EXERCISE INPUT:
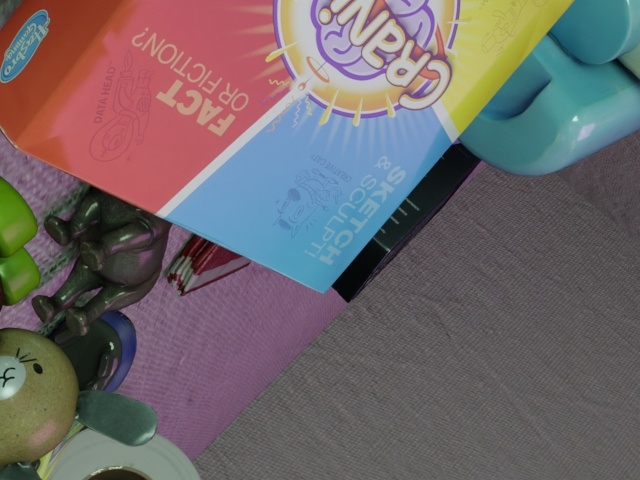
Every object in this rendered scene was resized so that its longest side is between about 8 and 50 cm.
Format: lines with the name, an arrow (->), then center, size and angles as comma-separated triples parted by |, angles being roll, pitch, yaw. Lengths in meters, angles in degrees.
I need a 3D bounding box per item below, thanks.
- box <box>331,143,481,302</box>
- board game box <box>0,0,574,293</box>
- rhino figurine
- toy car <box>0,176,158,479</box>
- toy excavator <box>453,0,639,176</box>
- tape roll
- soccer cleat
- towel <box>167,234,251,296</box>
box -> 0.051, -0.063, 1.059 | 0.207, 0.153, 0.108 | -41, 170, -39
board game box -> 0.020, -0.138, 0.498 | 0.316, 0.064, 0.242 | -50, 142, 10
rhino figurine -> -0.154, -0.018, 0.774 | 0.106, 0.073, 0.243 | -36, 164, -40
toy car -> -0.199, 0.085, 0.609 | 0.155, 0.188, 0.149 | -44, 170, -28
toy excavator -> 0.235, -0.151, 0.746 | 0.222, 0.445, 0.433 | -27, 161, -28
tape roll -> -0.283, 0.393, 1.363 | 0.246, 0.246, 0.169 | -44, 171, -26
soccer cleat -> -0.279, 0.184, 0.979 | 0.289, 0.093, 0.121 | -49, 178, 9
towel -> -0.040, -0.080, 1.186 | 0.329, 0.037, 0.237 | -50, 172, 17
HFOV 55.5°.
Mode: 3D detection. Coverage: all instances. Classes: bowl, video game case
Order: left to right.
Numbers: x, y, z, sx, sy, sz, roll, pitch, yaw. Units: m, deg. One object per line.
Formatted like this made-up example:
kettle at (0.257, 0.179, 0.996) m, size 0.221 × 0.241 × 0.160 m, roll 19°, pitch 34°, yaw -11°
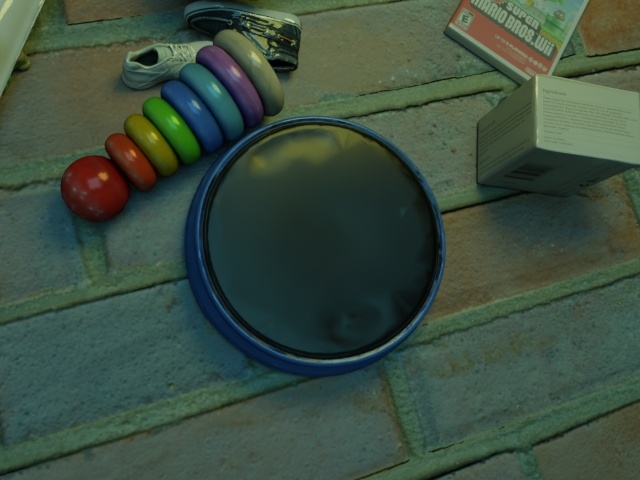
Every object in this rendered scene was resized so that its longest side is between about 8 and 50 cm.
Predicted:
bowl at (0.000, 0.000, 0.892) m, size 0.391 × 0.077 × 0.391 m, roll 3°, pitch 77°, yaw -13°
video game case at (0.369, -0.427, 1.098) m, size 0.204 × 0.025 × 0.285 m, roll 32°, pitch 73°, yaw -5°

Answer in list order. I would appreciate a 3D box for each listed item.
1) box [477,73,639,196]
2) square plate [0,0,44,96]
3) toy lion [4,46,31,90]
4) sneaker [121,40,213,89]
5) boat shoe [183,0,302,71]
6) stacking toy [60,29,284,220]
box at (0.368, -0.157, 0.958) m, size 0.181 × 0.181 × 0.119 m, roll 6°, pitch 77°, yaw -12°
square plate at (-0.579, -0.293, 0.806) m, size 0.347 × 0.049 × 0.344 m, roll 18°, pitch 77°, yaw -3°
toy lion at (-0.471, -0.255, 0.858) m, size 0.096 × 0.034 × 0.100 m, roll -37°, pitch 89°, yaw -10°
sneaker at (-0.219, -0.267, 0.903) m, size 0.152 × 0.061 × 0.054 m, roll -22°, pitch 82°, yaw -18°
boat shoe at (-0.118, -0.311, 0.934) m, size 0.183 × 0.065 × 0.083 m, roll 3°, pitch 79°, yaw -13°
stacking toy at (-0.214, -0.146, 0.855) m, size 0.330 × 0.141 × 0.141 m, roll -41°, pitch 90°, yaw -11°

TRY IT:
Nothing but the lines from the one containing "2) square plate [0,0,44,96]" to the end of the records above should appear, each copied exactly.

YOUR RESPONSE:
2) square plate [0,0,44,96]
3) toy lion [4,46,31,90]
4) sneaker [121,40,213,89]
5) boat shoe [183,0,302,71]
6) stacking toy [60,29,284,220]
box at (0.368, -0.157, 0.958) m, size 0.181 × 0.181 × 0.119 m, roll 6°, pitch 77°, yaw -12°
square plate at (-0.579, -0.293, 0.806) m, size 0.347 × 0.049 × 0.344 m, roll 18°, pitch 77°, yaw -3°
toy lion at (-0.471, -0.255, 0.858) m, size 0.096 × 0.034 × 0.100 m, roll -37°, pitch 89°, yaw -10°
sneaker at (-0.219, -0.267, 0.903) m, size 0.152 × 0.061 × 0.054 m, roll -22°, pitch 82°, yaw -18°
boat shoe at (-0.118, -0.311, 0.934) m, size 0.183 × 0.065 × 0.083 m, roll 3°, pitch 79°, yaw -13°
stacking toy at (-0.214, -0.146, 0.855) m, size 0.330 × 0.141 × 0.141 m, roll -41°, pitch 90°, yaw -11°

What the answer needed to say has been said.